Database Administrator's Guide

File Security Controls

The owner of a file can change the security information for their file, as follows:

1. Run the utility program ctfile the same way as any other program in the environment.
2. Enter current User ID.
3. Enter the current password for the User ID, if one has been assigned.
4. Continue by entering the FairCom Server’s current name, which is either the default name or another name specified by the server configuration.
5. Now give the name of the file whose security information is to change.
6. If the named file has a file password, the next step is to enter the password.

Note: Whenever input is requested, the user may enter a question mark (?) to receive HELP.

The file owner may change the following security options for their file:

• Change the file’s password.
• Change the file’s permission mask.
• Change the file’s Group.
• Change the file’s Owner

Caution!
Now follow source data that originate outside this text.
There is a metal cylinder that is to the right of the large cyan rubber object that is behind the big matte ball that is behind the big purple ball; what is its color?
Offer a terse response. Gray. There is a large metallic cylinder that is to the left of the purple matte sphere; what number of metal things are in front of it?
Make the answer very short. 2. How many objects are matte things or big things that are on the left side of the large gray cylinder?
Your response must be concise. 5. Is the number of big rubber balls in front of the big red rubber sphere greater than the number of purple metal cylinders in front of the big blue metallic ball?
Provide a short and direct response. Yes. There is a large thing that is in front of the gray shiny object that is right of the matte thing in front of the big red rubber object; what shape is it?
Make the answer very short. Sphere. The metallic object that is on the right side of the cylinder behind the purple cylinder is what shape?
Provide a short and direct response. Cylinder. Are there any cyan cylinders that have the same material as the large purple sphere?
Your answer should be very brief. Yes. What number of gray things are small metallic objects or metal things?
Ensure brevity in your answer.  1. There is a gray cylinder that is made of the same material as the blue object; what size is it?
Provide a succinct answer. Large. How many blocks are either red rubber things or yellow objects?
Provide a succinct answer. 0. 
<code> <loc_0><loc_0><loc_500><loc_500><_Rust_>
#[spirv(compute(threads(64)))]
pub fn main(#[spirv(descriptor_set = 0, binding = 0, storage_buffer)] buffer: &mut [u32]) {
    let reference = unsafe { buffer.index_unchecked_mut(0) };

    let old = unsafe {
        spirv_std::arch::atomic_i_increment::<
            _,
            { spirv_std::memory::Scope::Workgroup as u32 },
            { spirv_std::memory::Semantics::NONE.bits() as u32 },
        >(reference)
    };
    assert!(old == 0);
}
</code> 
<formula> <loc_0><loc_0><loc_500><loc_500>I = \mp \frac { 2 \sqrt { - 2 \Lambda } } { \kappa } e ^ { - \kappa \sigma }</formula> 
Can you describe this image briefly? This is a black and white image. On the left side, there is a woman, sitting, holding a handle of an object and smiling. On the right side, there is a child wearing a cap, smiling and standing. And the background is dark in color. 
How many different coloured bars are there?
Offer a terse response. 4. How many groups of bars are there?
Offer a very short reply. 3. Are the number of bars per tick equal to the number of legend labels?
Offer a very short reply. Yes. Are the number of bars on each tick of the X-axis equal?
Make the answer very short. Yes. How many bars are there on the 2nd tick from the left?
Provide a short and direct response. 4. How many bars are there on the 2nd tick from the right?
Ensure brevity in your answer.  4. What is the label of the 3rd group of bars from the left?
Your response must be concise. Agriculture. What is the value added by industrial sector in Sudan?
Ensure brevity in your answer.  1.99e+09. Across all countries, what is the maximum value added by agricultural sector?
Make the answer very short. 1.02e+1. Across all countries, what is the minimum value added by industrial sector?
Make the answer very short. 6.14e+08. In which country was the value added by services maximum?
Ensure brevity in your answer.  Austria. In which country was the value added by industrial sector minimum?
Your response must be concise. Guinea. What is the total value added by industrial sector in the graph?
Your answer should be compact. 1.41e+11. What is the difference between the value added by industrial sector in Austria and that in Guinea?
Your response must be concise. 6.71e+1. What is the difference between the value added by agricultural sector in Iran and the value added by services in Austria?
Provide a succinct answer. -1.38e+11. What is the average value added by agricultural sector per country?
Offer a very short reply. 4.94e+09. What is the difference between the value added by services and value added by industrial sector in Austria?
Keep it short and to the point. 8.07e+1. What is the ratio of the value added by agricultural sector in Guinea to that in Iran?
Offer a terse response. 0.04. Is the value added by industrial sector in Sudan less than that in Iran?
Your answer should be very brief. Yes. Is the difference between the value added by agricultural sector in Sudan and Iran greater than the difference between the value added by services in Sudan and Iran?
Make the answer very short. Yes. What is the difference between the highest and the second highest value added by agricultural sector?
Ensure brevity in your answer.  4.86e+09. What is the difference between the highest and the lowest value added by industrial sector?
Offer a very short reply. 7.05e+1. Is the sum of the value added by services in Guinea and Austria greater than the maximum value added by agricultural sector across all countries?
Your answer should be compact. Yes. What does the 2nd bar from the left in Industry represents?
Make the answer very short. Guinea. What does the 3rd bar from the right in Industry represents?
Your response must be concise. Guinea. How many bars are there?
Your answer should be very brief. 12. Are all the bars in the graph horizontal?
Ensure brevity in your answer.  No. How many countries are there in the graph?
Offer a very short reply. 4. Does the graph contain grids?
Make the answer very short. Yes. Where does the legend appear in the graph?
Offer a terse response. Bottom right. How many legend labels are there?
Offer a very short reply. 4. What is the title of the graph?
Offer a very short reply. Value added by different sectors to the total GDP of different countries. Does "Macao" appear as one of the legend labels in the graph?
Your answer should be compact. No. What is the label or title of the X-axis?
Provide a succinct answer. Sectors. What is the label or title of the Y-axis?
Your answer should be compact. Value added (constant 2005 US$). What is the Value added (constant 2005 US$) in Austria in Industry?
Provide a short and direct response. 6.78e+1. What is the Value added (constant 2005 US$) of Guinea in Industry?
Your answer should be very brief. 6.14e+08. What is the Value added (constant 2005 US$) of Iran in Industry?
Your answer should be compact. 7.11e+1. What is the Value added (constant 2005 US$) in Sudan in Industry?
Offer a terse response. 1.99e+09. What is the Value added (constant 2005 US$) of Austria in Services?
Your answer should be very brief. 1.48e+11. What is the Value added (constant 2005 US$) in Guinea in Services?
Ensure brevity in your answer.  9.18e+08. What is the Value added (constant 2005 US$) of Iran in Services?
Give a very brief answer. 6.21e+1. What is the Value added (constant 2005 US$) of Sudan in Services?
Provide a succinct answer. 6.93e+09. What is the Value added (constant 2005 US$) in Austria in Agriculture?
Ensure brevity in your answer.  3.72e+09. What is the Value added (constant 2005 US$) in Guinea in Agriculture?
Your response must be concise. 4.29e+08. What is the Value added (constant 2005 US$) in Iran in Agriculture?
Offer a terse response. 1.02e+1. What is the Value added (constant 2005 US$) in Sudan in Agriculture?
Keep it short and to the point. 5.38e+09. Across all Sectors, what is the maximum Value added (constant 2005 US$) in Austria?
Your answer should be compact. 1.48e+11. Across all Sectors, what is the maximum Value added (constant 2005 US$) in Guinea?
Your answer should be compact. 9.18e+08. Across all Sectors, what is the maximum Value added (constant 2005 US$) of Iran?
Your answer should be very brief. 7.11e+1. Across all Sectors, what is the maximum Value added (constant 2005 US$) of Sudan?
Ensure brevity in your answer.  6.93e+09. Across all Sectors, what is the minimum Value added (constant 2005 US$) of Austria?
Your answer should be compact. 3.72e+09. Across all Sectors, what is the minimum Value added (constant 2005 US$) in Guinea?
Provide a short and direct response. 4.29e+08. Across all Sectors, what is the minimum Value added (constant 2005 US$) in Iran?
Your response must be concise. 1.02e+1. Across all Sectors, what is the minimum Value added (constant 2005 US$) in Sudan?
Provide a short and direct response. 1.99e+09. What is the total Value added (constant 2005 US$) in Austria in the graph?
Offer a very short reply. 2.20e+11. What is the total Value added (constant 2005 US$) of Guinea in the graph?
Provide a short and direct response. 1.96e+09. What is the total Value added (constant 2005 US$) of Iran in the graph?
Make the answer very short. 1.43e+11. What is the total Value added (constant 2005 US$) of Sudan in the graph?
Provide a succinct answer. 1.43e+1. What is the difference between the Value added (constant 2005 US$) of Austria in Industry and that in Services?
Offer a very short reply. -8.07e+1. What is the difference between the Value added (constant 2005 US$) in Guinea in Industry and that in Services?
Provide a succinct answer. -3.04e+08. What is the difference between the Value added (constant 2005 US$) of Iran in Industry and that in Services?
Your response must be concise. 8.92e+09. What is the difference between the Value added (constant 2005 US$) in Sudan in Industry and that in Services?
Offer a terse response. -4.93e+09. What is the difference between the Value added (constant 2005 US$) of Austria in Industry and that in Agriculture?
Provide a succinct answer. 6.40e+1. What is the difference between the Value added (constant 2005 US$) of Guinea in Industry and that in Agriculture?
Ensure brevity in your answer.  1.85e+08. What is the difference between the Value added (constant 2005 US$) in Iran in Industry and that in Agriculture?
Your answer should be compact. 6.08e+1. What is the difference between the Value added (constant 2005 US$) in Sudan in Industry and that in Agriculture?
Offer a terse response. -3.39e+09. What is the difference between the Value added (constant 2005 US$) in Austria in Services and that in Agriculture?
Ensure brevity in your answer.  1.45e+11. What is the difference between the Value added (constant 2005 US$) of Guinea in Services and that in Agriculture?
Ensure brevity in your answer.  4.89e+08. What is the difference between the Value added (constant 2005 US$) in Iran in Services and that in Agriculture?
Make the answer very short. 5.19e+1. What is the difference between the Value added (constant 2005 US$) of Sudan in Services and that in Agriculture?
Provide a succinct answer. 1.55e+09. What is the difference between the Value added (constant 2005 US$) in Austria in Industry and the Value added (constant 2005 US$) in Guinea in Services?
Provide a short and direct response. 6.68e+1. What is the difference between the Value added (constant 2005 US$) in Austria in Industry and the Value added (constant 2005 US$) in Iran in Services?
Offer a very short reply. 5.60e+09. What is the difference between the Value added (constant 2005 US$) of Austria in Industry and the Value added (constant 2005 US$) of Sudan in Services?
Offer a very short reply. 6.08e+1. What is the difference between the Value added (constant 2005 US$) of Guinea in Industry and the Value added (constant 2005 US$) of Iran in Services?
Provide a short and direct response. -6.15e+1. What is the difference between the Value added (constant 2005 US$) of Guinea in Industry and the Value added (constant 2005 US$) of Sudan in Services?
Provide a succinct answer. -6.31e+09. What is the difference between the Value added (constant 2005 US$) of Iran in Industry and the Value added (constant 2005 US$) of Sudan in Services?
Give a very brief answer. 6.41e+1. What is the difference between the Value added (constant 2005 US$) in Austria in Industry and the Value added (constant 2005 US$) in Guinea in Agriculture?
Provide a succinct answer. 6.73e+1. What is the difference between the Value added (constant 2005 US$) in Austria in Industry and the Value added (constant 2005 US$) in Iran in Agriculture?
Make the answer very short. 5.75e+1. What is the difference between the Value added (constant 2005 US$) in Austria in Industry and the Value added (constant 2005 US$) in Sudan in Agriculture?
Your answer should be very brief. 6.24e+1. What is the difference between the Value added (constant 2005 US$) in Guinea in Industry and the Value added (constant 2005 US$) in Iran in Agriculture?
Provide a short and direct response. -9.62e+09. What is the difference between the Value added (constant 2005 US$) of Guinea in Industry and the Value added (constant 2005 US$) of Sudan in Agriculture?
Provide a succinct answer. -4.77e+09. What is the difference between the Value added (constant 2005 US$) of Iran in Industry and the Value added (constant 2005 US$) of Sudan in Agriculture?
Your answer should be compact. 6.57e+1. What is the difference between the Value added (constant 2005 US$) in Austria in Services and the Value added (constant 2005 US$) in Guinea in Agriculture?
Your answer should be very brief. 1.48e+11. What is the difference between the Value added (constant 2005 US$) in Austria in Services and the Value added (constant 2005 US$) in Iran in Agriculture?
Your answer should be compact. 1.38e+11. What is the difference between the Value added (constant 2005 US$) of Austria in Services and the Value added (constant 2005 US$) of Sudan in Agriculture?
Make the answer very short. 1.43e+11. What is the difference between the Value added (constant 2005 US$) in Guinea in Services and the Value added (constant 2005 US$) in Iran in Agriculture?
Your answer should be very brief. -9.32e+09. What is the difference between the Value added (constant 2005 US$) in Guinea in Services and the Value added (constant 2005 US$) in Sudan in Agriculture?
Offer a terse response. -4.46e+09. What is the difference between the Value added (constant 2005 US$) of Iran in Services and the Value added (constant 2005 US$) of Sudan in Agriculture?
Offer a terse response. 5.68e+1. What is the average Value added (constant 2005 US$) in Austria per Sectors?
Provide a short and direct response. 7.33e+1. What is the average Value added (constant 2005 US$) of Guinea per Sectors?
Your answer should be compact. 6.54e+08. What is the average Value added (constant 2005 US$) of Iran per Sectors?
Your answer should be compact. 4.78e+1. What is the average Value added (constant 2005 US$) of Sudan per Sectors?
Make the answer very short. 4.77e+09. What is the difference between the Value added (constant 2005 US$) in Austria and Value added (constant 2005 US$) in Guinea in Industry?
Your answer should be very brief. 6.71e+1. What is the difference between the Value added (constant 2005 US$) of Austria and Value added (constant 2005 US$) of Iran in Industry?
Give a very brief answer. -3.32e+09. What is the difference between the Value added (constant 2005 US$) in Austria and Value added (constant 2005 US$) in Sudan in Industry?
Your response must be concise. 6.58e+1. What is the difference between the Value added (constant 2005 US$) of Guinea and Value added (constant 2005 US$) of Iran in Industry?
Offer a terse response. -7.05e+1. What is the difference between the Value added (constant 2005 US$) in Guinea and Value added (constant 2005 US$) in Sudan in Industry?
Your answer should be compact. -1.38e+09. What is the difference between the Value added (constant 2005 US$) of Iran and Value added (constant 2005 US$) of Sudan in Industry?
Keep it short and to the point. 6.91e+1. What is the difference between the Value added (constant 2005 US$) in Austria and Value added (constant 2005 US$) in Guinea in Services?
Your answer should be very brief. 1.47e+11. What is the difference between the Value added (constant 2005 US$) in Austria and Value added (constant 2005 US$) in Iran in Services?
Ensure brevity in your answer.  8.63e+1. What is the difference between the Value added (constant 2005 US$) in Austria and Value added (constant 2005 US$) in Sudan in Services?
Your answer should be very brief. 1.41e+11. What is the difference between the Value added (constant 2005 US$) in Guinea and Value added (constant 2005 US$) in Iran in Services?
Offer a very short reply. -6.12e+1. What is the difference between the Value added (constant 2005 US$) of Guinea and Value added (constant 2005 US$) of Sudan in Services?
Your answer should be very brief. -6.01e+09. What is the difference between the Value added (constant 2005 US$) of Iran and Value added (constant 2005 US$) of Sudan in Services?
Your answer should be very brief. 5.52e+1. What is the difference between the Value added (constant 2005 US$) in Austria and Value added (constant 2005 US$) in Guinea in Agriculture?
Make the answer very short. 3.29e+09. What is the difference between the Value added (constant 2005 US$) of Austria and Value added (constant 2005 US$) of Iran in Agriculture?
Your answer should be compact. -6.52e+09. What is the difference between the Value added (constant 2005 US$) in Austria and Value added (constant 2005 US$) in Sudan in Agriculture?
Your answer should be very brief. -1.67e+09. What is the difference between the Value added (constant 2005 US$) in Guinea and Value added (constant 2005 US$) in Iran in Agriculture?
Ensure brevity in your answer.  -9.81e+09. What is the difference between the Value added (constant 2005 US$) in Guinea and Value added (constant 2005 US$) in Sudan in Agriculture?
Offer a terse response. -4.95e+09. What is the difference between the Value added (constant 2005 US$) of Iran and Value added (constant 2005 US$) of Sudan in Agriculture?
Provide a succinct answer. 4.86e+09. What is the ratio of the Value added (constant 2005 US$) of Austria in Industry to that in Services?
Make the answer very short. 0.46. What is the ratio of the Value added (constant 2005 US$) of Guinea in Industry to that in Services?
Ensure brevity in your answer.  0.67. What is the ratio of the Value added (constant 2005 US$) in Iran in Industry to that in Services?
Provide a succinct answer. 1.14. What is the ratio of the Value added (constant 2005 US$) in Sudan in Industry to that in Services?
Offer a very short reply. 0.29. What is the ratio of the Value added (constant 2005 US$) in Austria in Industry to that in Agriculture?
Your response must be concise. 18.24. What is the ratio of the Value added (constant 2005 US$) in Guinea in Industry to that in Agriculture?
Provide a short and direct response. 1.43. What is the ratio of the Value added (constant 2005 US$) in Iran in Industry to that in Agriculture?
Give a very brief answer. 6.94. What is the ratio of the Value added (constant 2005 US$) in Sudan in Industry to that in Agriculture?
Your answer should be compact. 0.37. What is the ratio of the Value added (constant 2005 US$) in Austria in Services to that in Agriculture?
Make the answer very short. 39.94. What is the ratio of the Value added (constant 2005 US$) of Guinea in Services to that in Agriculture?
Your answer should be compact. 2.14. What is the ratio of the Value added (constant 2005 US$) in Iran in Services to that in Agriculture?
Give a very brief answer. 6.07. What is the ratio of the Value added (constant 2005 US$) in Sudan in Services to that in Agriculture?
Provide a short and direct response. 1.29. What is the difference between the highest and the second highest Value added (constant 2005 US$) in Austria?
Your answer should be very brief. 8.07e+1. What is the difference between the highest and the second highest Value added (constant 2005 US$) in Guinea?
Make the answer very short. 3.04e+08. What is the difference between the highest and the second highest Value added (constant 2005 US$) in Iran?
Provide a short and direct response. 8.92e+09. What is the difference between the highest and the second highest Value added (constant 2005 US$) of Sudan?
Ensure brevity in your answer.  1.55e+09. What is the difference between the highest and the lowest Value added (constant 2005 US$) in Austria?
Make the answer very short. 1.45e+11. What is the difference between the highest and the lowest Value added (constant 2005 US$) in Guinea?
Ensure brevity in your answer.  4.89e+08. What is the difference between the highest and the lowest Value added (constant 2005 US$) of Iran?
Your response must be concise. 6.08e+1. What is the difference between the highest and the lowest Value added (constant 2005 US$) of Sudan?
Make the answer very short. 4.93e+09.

Be careful changing owner security. Once the owner has been changed, then the original owner may no longer use the utility, ctfile, to access the file and change security information.

Note: The Administrator can always use the Administration Utility to change, or view, the file security information for any file controlled by FairCom DB.

Default Permissions

FairCom DB defaults to a permission mode of 0660 (read/write access for owner and group; no access for world) for the files it creates.

When using FairCom DB the permission mode assigned to files can be set with the server configuration keyword FILE_CREATE_MODE to specify the desired file permission mode.

Example

;Set read and write permission for owner

;and no permission for group and world.

FILE_CREATE_MODE 0600

Note: On Unix systems, the system’s umask setting also affects the permission mode assigned to a file when it is created. If the umask setting is non-zero, the specified permissions are removed from the file’s permission mode.